La pubblicistica sul rilancio democratico del controllo popolare si è risolta in una serie di formule vuote strumentali a non prendere posizione sui problemi reali: siamo invasi da parole generiche di illustri giuristi che non hanno mai proposto operativamente un sistema per rendere più efficace e trasparente il governo del Paese. Le formule vuote sono servite ad occultare il rifiuto di analizzare la profondità della crisi civile e morale del Paese, che non richiede elenchi di diritti e fantomatiche reti di comunicazione mediatica, ma coesione sociale effettiva nell’assunzione di responsabilità e compiti operativi nella vita pratica. In questo contesto si è inserita non di rado un’azione impropria della magistratura, che ha costituito l’alleato di un’inerte strategia formalistica. 

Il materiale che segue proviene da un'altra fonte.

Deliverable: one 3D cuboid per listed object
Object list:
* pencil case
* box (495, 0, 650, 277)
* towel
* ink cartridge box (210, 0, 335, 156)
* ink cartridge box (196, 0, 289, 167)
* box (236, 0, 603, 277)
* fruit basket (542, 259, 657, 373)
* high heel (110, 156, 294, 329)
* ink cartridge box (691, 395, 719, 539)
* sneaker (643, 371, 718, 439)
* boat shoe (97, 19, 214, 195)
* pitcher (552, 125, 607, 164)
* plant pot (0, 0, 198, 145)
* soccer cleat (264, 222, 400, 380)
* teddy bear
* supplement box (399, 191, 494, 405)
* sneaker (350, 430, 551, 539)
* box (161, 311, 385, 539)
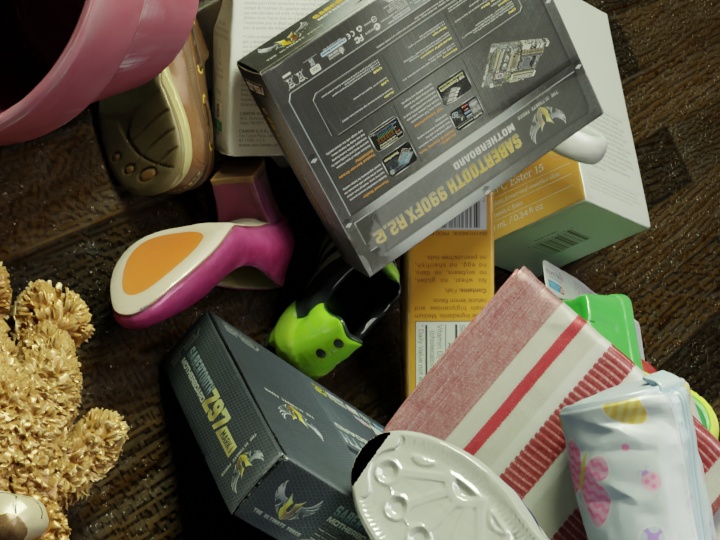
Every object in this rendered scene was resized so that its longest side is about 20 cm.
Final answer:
[{"bbox_3d":[0.182,0.166,1.009,0.082,0.091,0.202,-10,82,-28],"label":"pencil case"},{"bbox_3d":[0.147,-0.115,1.369,0.097,0.124,0.202,18,56,-46],"label":"box"},{"bbox_3d":[0.132,0.116,1.072,0.200,0.144,0.023,41,-2,4],"label":"towel"},{"bbox_3d":[-0.015,-0.177,1.082,0.159,0.050,0.202,-3,104,-23],"label":"ink cartridge box"},{"bbox_3d":[-0.049,-0.198,1.197,0.146,0.084,0.201,46,40,-26],"label":"ink cartridge box"},{"bbox_3d":[0.042,-0.118,1.071,0.199,0.048,0.159,-35,116,-10],"label":"box"},{"bbox_3d":[0.201,0.104,1.368,0.200,0.093,0.187,35,43,-58],"label":"fruit basket"},{"bbox_3d":[-0.094,0.010,1.033,0.200,0.067,0.097,-63,144,-59],"label":"high heel"},{"bbox_3d":[0.150,0.174,1.129,0.083,0.198,0.148,17,53,-76],"label":"ink cartridge box"},{"bbox_3d":[0.164,0.092,1.219,0.083,0.198,0.075,-9,113,-62],"label":"sneaker"},{"bbox_3d":[-0.137,-0.146,1.071,0.067,0.071,0.202,-1,79,-62],"label":"boat shoe"},{"bbox_3d":[0.094,-0.137,1.255,0.170,0.122,0.200,24,13,-12],"label":"pitcher"},{"bbox_3d":[-0.184,-0.169,0.932,0.179,0.198,0.202,-4,73,-69],"label":"plant pot"},{"bbox_3d":[0.000,0.000,1.148,0.068,0.081,0.201,49,38,-21],"label":"soccer cleat"},{"bbox_3d":[-0.186,0.082,0.872,0.145,0.066,0.201,41,41,-27],"label":"teddy bear"},{"bbox_3d":[0.060,0.020,1.161,0.067,0.068,0.203,164,-72,-89],"label":"supplement box"},{"bbox_3d":[0.080,0.178,0.958,0.199,0.081,0.147,36,-11,13],"label":"sneaker"},{"bbox_3d":[-0.018,0.125,1.014,0.199,0.051,0.158,36,12,-35],"label":"box"}]

Se qualcuno volesse approfondire il tema delle formule vuote come ideologia ineffettuale potrebbe, partendo dagli studi sviluppati in Germania negli anni 70 sulla questione del rapporto tra religione, politica e diritto, cercare di capire quali sono le effettive strategie di potere che si celano dietro espressioni come “interesse generale”, “interesse al bene della nazione”, “interesse allo sviluppo economico”, “competitività internazionale”, “austerità monetaria”, “progresso e innovazione”, “diritti umani non negoziabili”, specchietti per le allodole che hanno finito con l’oscurare ogni seria analisi della realtà. L’ultimo allievo della scuola di Francoforte, Rudolf Wietholter, ne Le formule magiche della scienza giuridica, partendo dal celebre giudizio di Re Salomone argomentava come il problema di chi sia la vera “madre” non possa essere risolto con cavilli giuridici ma cercando di capire chi delle due donne, pur di salvare la vita del piccolo, sia disposta a sacrificare il proprio amore materno. Oggi, chi è disposto a sacrificare i propri interessi per ricostruire una fiducia collettiva nel Paese?

Secondo una distinzione tradizionale, i discorsi sul diritto possono essere di due tipi: l’analisi del Sein (essere del diritto) e l’analisi del Sollen (dover essere del diritto) che, in base ad un’idea “presupposta” di giustizia, propone criteri normativi astrattamente superiori a quelli vigenti nell’esperienza reale. Se si vuole capire come funziona il diritto di una società, è necessario analizzare le forme giuridiche e le istituzioni attraverso cui si creano e si perpetuano le differenze di potere nella vita reale, dallo sfratto di un cittadino che non riesce a pagare il mutuo alle grandi transazioni finanziarie con cui si gestisce il fallimento di un intero settore economico, in cui sono implicati interessi di grandi paesi e di grandi potentati internazionali.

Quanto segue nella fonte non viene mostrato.